Parallel processing in v1

The three relatively independent pathways, each of which processes the various aspects of vision in parallel can be delineated in the main visual cortex.

The magnocellular pathway from M ganglion cells to the M LGN cells has its input to spiny stellate cells in layer 4Cα. Such excitatory interneurons synapse with pyramidal cells in layer 4B that show orientation and direction selectivity. These cells send axon collaterals to the pyramidal cells in layers 5 and 6. The layer 5 cells project to subcortical areas, the pulvinar (a thalamic nucleus included in visual attention), the superior colliculus, and pons. The layer 6 pyramidal cells go to the extrastriate cortex. M pathway is an expert for analysis of motion. Its outputs through layer 5 are significant in visual attention and gaze reflexes. A few cells in the M pathway are binocular therefore it contributes to stereopsis. Since it originates with ganglion cells that combine input from the two classes of cone cell it is not wavelength selective; that is the M system is color blind.

There are two parvocellular pathways. They begin from P ganglion cells through P LGN cells that synapse with spiny stellate cells in 4Cβ. Similar to the M pathway the interneurons connect with pyramidal cells in 4B. Though, in the parvocellular paths, 4B cells (that are orientation-selective simple cells) synapse with the pyramidal cells in layers 2 and 3 which then relay with the deep pyramidal cells in layer 5. The Segregation of the two parvocellular pathways takes place in layers 2 and 3. Whenever stained for the mitochondrial enzyme, the cytochrome oxidase, layers 2 and 3 display pillars of high activity, blobs.

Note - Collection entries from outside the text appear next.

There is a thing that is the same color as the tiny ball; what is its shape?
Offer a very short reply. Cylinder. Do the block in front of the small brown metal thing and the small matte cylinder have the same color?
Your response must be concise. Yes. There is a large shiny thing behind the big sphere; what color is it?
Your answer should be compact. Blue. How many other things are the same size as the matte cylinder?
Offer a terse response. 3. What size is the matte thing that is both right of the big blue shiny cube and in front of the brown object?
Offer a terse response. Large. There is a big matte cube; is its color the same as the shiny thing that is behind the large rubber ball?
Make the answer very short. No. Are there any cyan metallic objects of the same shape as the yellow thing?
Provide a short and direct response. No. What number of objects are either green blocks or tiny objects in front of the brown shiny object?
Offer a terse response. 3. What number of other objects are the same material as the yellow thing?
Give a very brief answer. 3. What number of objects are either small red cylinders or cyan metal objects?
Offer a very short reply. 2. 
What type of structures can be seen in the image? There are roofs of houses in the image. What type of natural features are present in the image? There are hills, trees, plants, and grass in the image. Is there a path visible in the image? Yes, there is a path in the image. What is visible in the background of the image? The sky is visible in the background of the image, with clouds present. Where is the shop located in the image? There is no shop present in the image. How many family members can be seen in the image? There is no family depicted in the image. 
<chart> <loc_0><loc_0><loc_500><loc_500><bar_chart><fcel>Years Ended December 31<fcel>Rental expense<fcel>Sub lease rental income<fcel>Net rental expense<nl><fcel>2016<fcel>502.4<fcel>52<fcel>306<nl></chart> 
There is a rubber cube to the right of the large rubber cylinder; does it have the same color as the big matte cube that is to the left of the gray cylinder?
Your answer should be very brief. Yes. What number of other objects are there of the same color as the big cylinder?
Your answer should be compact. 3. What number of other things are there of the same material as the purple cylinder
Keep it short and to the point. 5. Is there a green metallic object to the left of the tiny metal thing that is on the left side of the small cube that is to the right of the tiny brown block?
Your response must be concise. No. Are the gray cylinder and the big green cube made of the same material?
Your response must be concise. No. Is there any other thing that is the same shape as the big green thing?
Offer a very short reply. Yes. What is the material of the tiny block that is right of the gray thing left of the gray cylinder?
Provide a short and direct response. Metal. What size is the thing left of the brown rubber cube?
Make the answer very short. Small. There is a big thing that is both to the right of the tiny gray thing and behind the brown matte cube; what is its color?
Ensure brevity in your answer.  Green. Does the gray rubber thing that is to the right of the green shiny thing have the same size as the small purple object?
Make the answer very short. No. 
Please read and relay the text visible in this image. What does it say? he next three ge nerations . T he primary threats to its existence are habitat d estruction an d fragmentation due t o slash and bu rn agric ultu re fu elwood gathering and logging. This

Each of the blobs is centered on an ocular dominance column. Between the blobs lies the interblob area. Cells in the interblob area are orientation selective, binocularly driven, the complex cells. They are not motion sensitive or wavelength selective. They are section of the parvocellular–interblob (PI) pathway that processes high resolution analysis of form in the visual world. By contrast the cells in blobs are wavelength selective, display poor orientation selectivity and are monocular. The parvocellular–blob (PB) pathways mediate color vision. The blob pyramidal cells get direct input from blue-on K cells in the koniocellular LGN layers; however the function of this input is not yet understood.

The wavelength selective blob cells are double opponent cells with the receptive field (RF) properties derived from their inputs that is the single opponent parvocellular LGN cells. The double opponent cells have center–surround antagonist RF configuration, they signal the color contrast and come in four classes classified by their preferred stimuli. The left cell in figure shown below is excited by L cones in the center and inhibited by L cones in the surround. Additionally, it is inhibited by M cones centrally but excited by M cones in the surround. The favored stimulus for this cell is a red spot in a green background. Though, the cell gives off-responses when exposed to a green spot in a red background as shown in next figure.

Figure: Double opponent cells in V1 blobs. Preferred stimuli: (a) red spot-green surround; (b) green spot-red surround; (c) blue spot-yellow surround; (d) yellow spot-blue surround.

Figure: Responses of the double opponent cell in previous figure: (a) preferred stimulus; (b) off response that may account for successive color contrast.

Dissimilar single opponent cells that are excited by small spots of white light, double opponent cells are unaltered by the white light stimuli of any size; therefore they are more selective detectors of the color contrast. The association of double opponent cell RFs elucidates some of the properties of color vision.

- Color constancy: The way in which the brain evaluates color constancy is not understood in detail but is partially accounted by the behavior of the double opponent cells. A shift in wavelength composition of light will produce equivalent but opposite effects on the responses of the center and surround of double opponent cells. There will be a minute effect overall on the RF of the cell that will continue to signal similar color. On the scale of the whole visual field, the color constancy is thought to include comparing red–green brightness, blue–yellow brightness, and total brightness (added outcomes of S, M, and L cones) over large regions of retina.

- Perceptual cancellation is elaborated by the manner in which the color opponency occurs to be organized as red (R) versus green (G) and yellow (R+G) versus blue channels. As mutual antagonism takes place among red and green or among yellow and blue only one color in each of the pair can be seen at a single pixel of retina at any time.

- Simultaneous color contrast can also be accounted for by the properties of double opponent cells. For illustration, the cell in figure above cannot differentiate between a green stimulus to its surround and a red stimulus to the center; the response is similar for both. Therefore a gray disc viewed in a green background is interpreted as red. The similar mechanism elucidates the complementary after-images which appear after staring at a uniform patch of color as shown in the figure above.